#### WHAT YOU SHOULD DO:
Exact reproductions of all the entries, please, and no pictures.

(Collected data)
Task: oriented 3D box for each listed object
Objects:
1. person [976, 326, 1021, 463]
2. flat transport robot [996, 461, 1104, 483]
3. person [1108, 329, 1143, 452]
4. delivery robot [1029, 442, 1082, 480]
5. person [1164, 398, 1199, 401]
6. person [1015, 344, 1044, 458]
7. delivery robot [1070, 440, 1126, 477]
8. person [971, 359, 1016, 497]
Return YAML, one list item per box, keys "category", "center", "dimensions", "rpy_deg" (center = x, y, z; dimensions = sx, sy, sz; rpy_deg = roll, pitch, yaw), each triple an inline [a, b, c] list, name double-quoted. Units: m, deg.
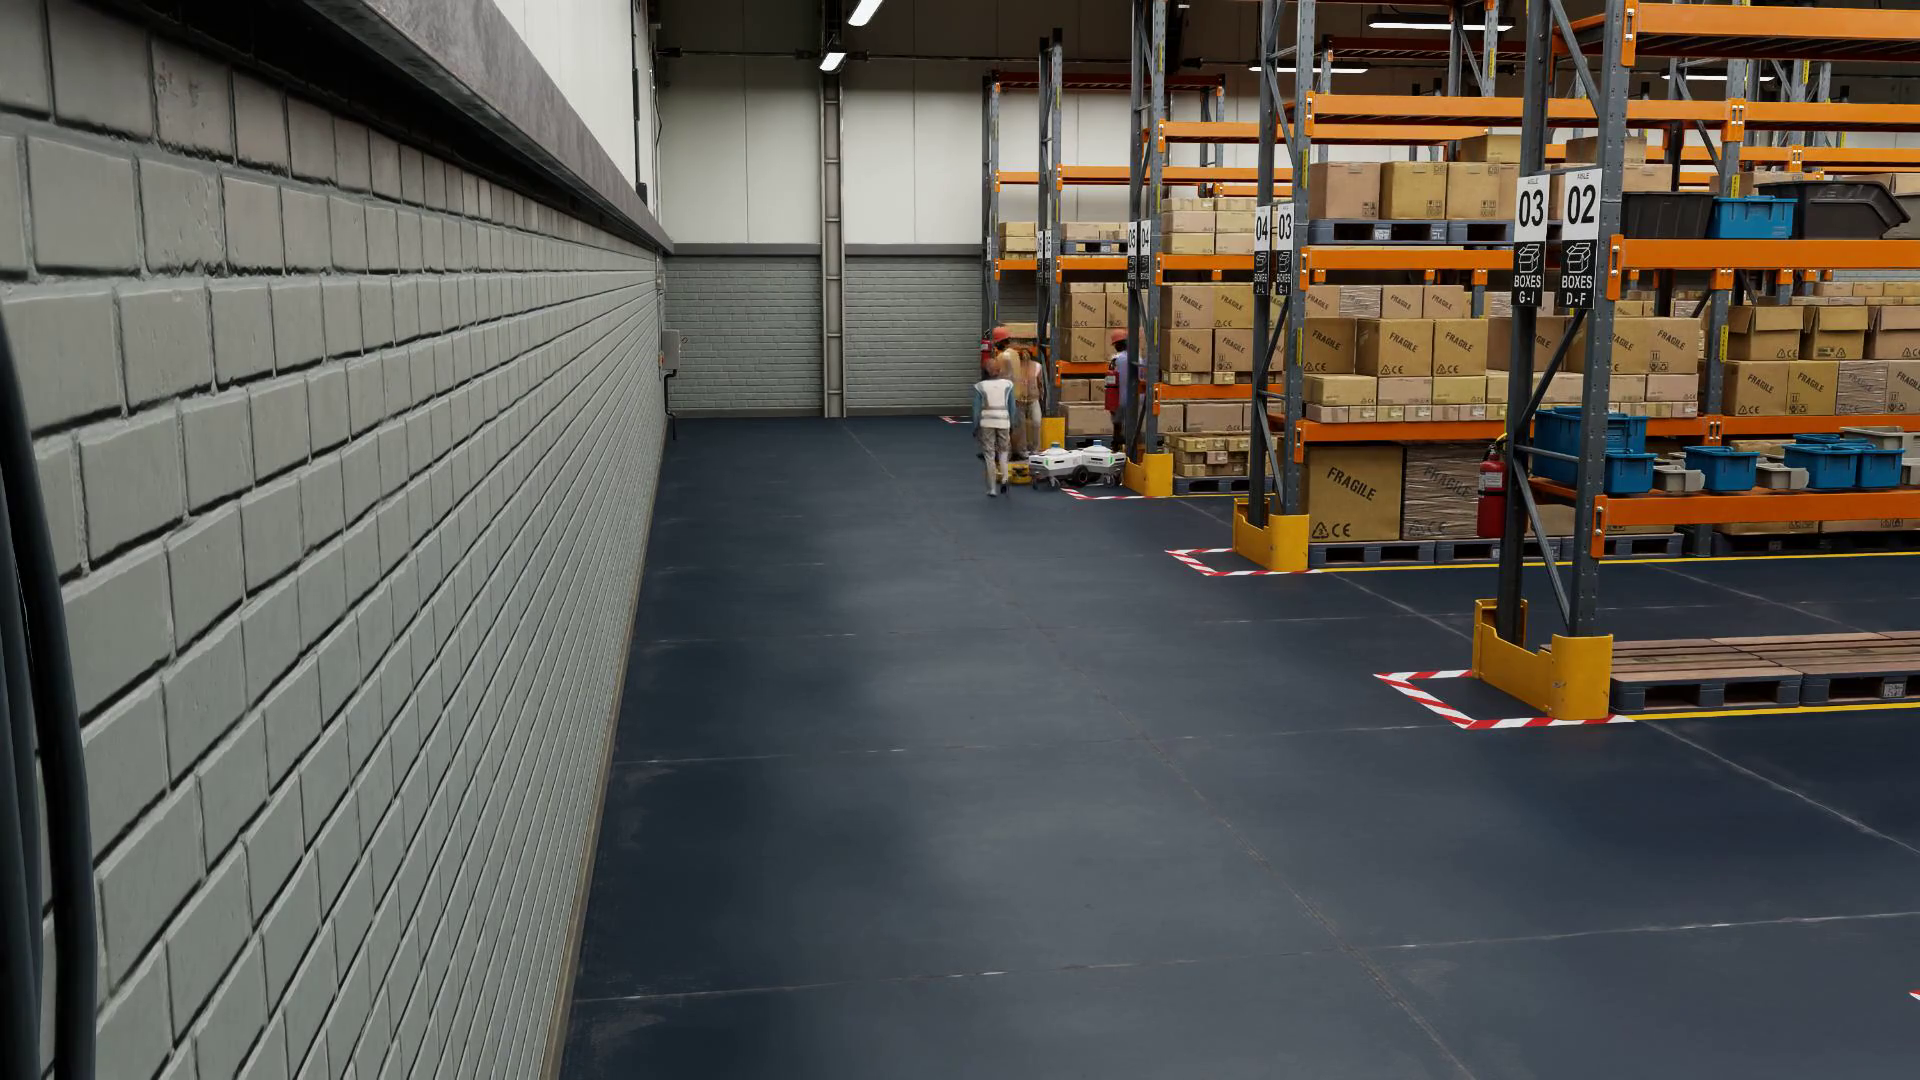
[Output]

#### EXPECTED ANSWER:
Task: oriented 3D box for each listed object
Objects:
1. person [976, 326, 1021, 463]
2. flat transport robot [996, 461, 1104, 483]
3. person [1108, 329, 1143, 452]
4. delivery robot [1029, 442, 1082, 480]
5. person [1164, 398, 1199, 401]
6. person [1015, 344, 1044, 458]
7. delivery robot [1070, 440, 1126, 477]
8. person [971, 359, 1016, 497]
Return YAML, one list item per box, keys "category", "center", "dimensions", "rpy_deg" (center = x, y, z; dimensions = sx, sy, sz; rpy_deg = roll, pitch, yaw), each triple an inline [a, b, c] list, name double-quoted. Units: m, deg.
[Output]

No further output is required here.